Entries taken from a collection
==========
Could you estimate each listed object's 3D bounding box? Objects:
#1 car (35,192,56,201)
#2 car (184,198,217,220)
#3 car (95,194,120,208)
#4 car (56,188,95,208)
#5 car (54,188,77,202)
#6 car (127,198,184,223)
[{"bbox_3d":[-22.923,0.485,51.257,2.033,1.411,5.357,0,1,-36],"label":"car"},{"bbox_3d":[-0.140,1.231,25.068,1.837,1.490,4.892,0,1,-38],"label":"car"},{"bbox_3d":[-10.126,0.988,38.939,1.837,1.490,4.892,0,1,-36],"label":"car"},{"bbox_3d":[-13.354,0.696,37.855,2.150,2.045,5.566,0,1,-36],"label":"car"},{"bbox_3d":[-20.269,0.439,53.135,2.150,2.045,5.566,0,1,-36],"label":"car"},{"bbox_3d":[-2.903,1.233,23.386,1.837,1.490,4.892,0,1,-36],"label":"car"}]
==========
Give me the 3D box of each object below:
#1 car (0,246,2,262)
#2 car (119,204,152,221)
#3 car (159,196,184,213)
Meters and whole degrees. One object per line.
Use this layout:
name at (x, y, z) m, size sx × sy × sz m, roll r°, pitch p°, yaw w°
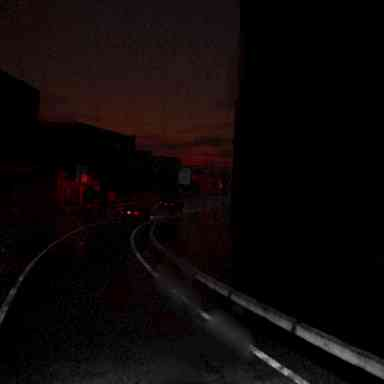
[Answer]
==========
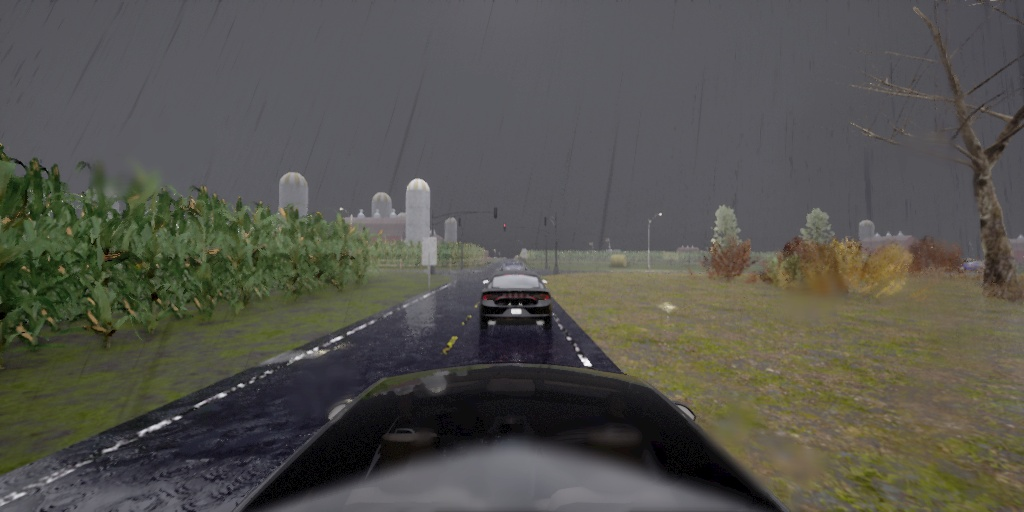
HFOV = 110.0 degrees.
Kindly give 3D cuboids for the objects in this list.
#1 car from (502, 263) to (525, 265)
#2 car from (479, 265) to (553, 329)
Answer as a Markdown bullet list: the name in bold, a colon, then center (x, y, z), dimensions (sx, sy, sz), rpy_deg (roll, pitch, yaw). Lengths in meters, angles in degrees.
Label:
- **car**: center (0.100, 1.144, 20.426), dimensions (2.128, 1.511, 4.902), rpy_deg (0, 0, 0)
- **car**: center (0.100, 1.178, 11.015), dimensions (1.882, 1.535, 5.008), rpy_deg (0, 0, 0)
==========
◆ Work instructions ◆
Taking the records above as input, show every line in which the word "Answer" is present.

◆ Task result ◆
[Answer]
Answer as a Markdown bullet list: the name in bold, a colon, then center (x, y, z), dimensions (sx, sy, sz), rpy_deg (roll, pitch, yaw). Lengths in meters, angles in degrees.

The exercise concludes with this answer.